ENTRIES PROVIDED →
----
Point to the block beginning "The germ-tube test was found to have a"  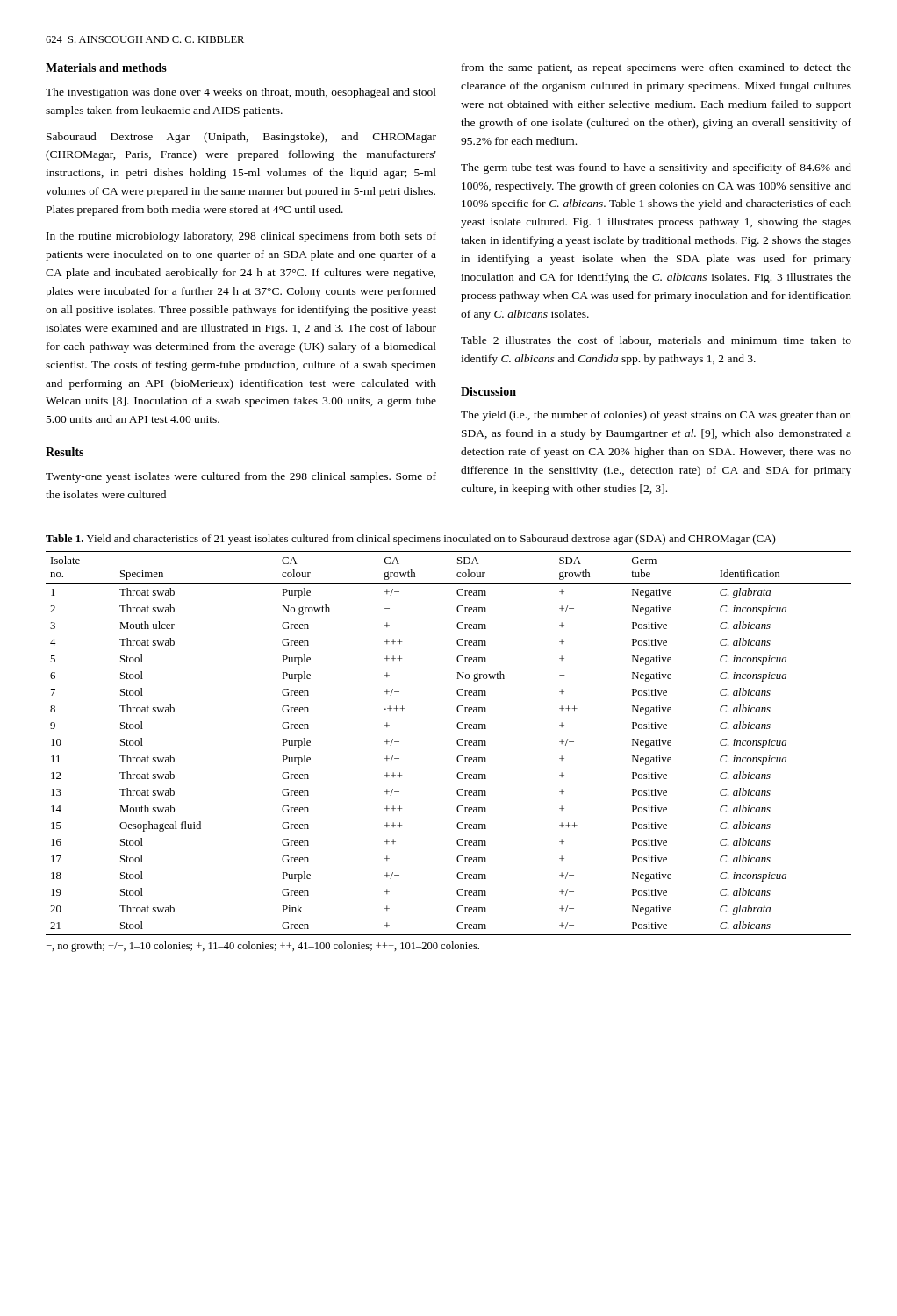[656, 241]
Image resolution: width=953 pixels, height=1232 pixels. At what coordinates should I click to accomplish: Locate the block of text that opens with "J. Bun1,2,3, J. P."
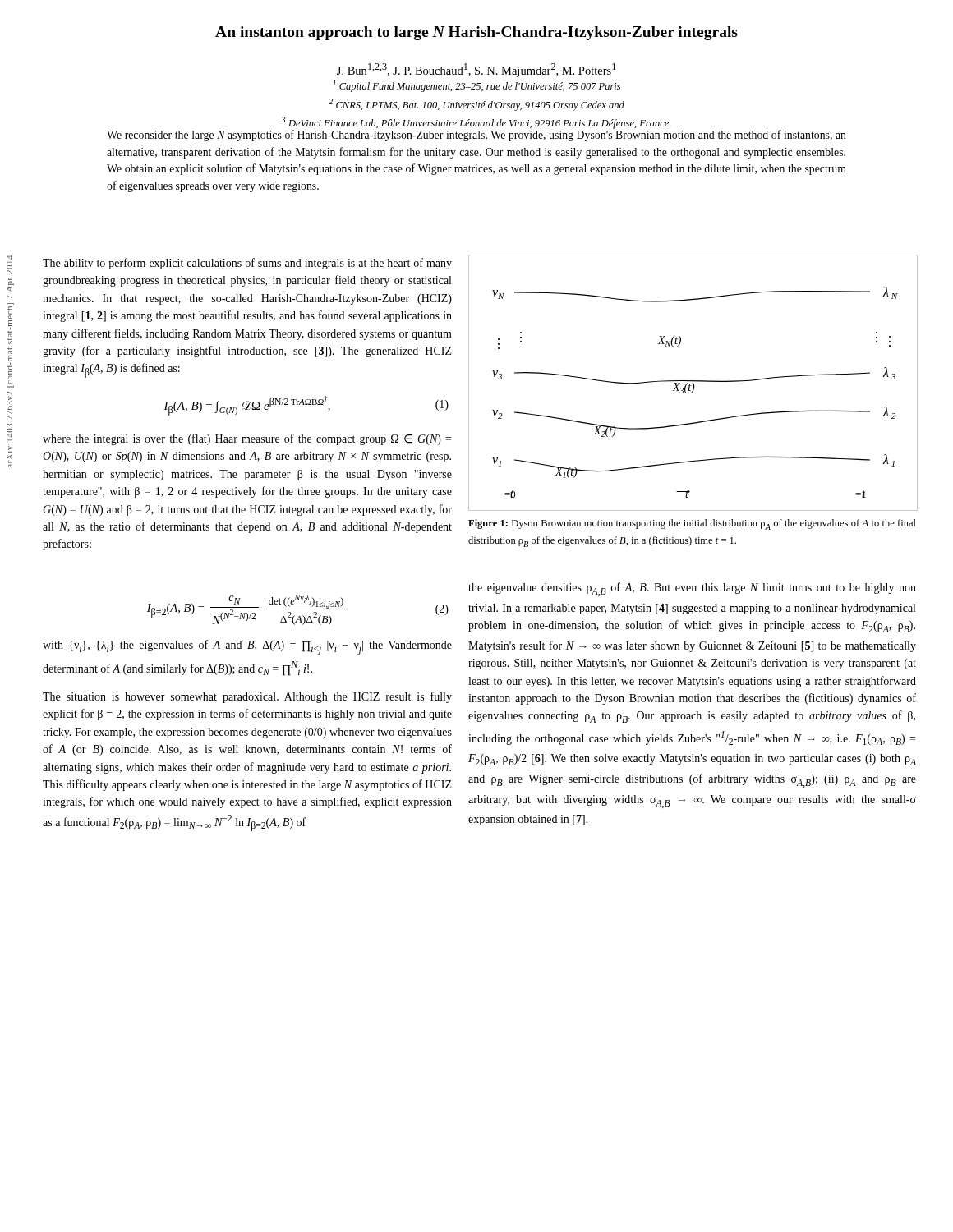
----
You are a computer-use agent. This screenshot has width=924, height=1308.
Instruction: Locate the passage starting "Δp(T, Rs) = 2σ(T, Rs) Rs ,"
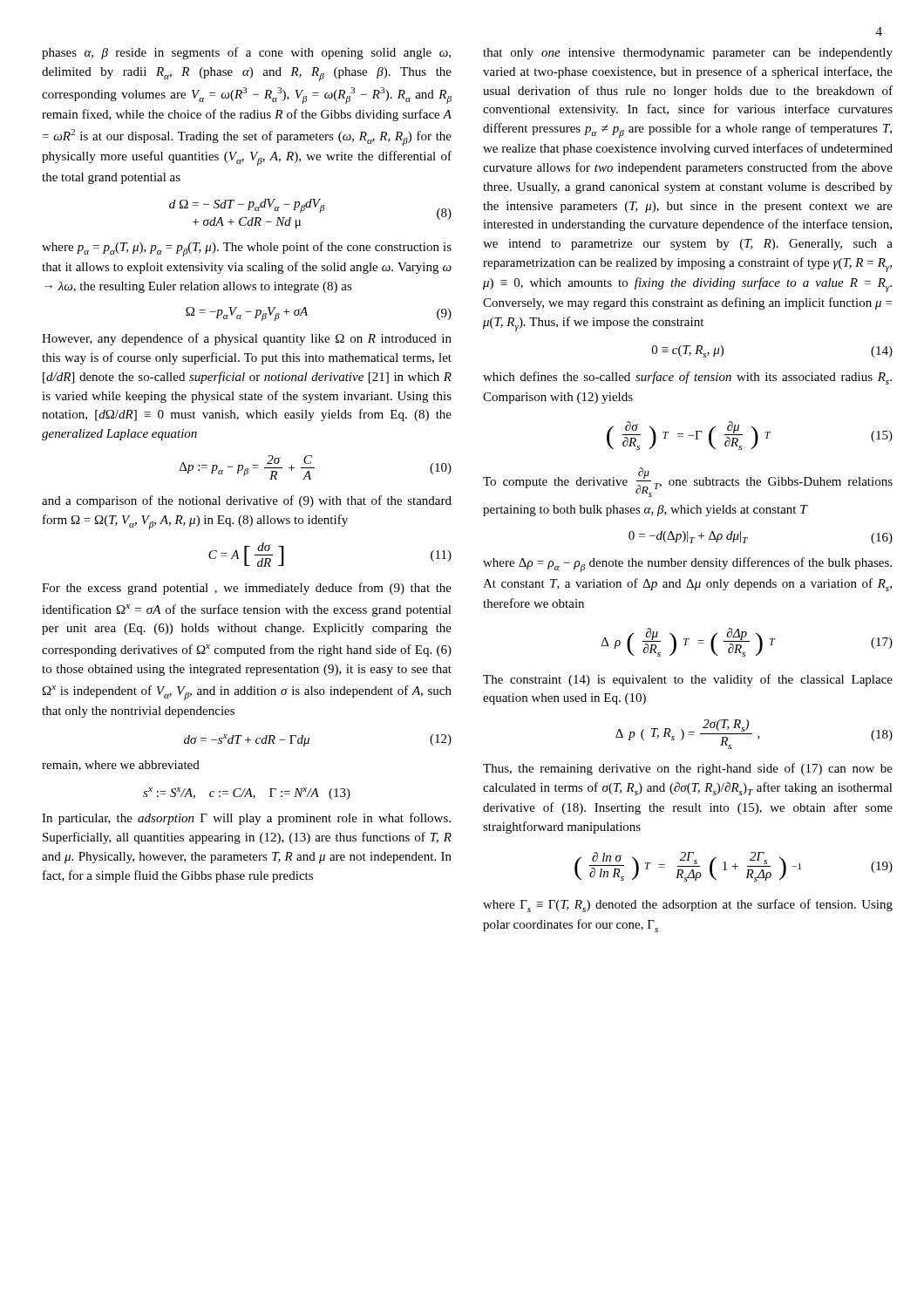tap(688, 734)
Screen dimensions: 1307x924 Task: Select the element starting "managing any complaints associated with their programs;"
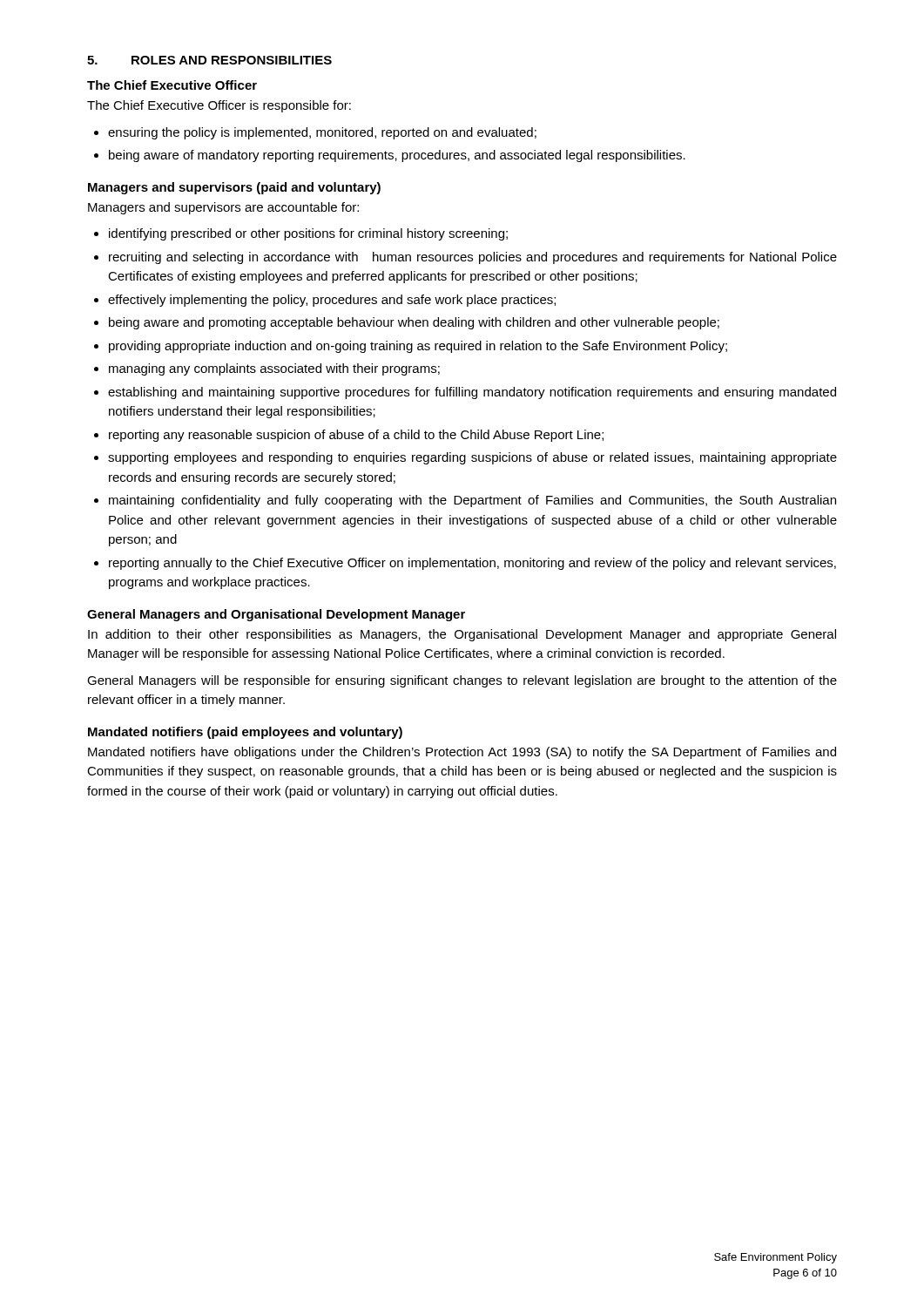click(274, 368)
----
PROMPT → Search the entries for the word "width" and copy every line that has it.

TASK OUTPUT →
Image resolution: width=953 pixels, height=1232 pixels. At what coordinates should I click to accomplish: Locate the block of text that opens with "J. Bun1,2,3, J. P."
You are a computer-use agent. This screenshot has width=924, height=1308.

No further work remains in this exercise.